■ **Required work**
The entries below should be written out again exactly as they stand.

■ **Records to use**
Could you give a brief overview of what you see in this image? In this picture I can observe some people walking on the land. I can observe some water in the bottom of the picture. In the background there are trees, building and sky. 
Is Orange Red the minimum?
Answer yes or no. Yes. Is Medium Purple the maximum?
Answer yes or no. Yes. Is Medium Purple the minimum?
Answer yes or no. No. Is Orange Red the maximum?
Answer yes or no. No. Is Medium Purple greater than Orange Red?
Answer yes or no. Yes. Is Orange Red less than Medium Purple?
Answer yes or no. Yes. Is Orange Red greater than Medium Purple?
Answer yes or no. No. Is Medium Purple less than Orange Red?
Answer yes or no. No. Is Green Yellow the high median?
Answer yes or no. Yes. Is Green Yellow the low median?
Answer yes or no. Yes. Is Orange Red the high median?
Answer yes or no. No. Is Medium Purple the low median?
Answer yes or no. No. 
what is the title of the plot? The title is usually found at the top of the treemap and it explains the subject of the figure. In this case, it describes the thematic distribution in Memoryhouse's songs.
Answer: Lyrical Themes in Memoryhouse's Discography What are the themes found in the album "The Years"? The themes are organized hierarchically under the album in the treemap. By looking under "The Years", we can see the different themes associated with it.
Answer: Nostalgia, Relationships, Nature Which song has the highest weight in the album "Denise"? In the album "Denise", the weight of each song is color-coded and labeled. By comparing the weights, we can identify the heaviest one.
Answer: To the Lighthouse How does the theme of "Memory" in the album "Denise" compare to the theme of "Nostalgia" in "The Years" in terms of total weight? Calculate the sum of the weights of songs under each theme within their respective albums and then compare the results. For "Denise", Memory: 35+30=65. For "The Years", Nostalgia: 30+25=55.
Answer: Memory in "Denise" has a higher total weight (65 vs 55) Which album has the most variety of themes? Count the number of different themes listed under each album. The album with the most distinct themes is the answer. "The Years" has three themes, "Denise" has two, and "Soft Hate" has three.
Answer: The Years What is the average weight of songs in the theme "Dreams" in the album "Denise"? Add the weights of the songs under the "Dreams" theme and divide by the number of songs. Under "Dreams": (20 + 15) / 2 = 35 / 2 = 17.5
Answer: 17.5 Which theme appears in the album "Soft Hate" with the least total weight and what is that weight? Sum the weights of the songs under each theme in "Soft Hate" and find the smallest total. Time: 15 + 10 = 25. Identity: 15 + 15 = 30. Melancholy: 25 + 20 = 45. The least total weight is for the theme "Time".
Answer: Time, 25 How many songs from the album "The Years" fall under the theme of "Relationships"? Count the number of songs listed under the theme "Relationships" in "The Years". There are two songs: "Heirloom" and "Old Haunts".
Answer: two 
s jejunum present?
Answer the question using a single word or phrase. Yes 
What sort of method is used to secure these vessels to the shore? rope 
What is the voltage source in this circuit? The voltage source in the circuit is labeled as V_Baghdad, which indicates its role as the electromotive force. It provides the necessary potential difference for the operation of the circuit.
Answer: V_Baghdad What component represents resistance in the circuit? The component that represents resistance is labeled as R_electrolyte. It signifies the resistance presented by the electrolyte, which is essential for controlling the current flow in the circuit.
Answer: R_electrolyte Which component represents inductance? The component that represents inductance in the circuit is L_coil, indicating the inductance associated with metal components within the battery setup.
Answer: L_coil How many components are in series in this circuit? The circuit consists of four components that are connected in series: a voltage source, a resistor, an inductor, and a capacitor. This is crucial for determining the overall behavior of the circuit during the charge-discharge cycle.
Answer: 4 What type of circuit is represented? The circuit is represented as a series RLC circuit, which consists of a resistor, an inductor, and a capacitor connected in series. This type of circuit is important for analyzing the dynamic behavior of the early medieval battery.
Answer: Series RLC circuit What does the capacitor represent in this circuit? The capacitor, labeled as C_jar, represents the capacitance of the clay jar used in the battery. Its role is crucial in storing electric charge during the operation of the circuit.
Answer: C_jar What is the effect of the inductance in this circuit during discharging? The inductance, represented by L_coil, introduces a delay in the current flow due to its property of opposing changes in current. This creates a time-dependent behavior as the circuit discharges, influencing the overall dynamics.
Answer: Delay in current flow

■ **Expected answer**
Could you give a brief overview of what you see in this image? In this picture I can observe some people walking on the land. I can observe some water in the bottom of the picture. In the background there are trees, building and sky. 
Is Orange Red the minimum?
Answer yes or no. Yes. Is Medium Purple the maximum?
Answer yes or no. Yes. Is Medium Purple the minimum?
Answer yes or no. No. Is Orange Red the maximum?
Answer yes or no. No. Is Medium Purple greater than Orange Red?
Answer yes or no. Yes. Is Orange Red less than Medium Purple?
Answer yes or no. Yes. Is Orange Red greater than Medium Purple?
Answer yes or no. No. Is Medium Purple less than Orange Red?
Answer yes or no. No. Is Green Yellow the high median?
Answer yes or no. Yes. Is Green Yellow the low median?
Answer yes or no. Yes. Is Orange Red the high median?
Answer yes or no. No. Is Medium Purple the low median?
Answer yes or no. No. 
what is the title of the plot? The title is usually found at the top of the treemap and it explains the subject of the figure. In this case, it describes the thematic distribution in Memoryhouse's songs.
Answer: Lyrical Themes in Memoryhouse's Discography What are the themes found in the album "The Years"? The themes are organized hierarchically under the album in the treemap. By looking under "The Years", we can see the different themes associated with it.
Answer: Nostalgia, Relationships, Nature Which song has the highest weight in the album "Denise"? In the album "Denise", the weight of each song is color-coded and labeled. By comparing the weights, we can identify the heaviest one.
Answer: To the Lighthouse How does the theme of "Memory" in the album "Denise" compare to the theme of "Nostalgia" in "The Years" in terms of total weight? Calculate the sum of the weights of songs under each theme within their respective albums and then compare the results. For "Denise", Memory: 35+30=65. For "The Years", Nostalgia: 30+25=55.
Answer: Memory in "Denise" has a higher total weight (65 vs 55) Which album has the most variety of themes? Count the number of different themes listed under each album. The album with the most distinct themes is the answer. "The Years" has three themes, "Denise" has two, and "Soft Hate" has three.
Answer: The Years What is the average weight of songs in the theme "Dreams" in the album "Denise"? Add the weights of the songs under the "Dreams" theme and divide by the number of songs. Under "Dreams": (20 + 15) / 2 = 35 / 2 = 17.5
Answer: 17.5 Which theme appears in the album "Soft Hate" with the least total weight and what is that weight? Sum the weights of the songs under each theme in "Soft Hate" and find the smallest total. Time: 15 + 10 = 25. Identity: 15 + 15 = 30. Melancholy: 25 + 20 = 45. The least total weight is for the theme "Time".
Answer: Time, 25 How many songs from the album "The Years" fall under the theme of "Relationships"? Count the number of songs listed under the theme "Relationships" in "The Years". There are two songs: "Heirloom" and "Old Haunts".
Answer: two 
s jejunum present?
Answer the question using a single word or phrase. Yes 
What sort of method is used to secure these vessels to the shore? rope 
What is the voltage source in this circuit? The voltage source in the circuit is labeled as V_Baghdad, which indicates its role as the electromotive force. It provides the necessary potential difference for the operation of the circuit.
Answer: V_Baghdad What component represents resistance in the circuit? The component that represents resistance is labeled as R_electrolyte. It signifies the resistance presented by the electrolyte, which is essential for controlling the current flow in the circuit.
Answer: R_electrolyte Which component represents inductance? The component that represents inductance in the circuit is L_coil, indicating the inductance associated with metal components within the battery setup.
Answer: L_coil How many components are in series in this circuit? The circuit consists of four components that are connected in series: a voltage source, a resistor, an inductor, and a capacitor. This is crucial for determining the overall behavior of the circuit during the charge-discharge cycle.
Answer: 4 What type of circuit is represented? The circuit is represented as a series RLC circuit, which consists of a resistor, an inductor, and a capacitor connected in series. This type of circuit is important for analyzing the dynamic behavior of the early medieval battery.
Answer: Series RLC circuit What does the capacitor represent in this circuit? The capacitor, labeled as C_jar, represents the capacitance of the clay jar used in the battery. Its role is crucial in storing electric charge during the operation of the circuit.
Answer: C_jar What is the effect of the inductance in this circuit during discharging? The inductance, represented by L_coil, introduces a delay in the current flow due to its property of opposing changes in current. This creates a time-dependent behavior as the circuit discharges, influencing the overall dynamics.
Answer: Delay in current flow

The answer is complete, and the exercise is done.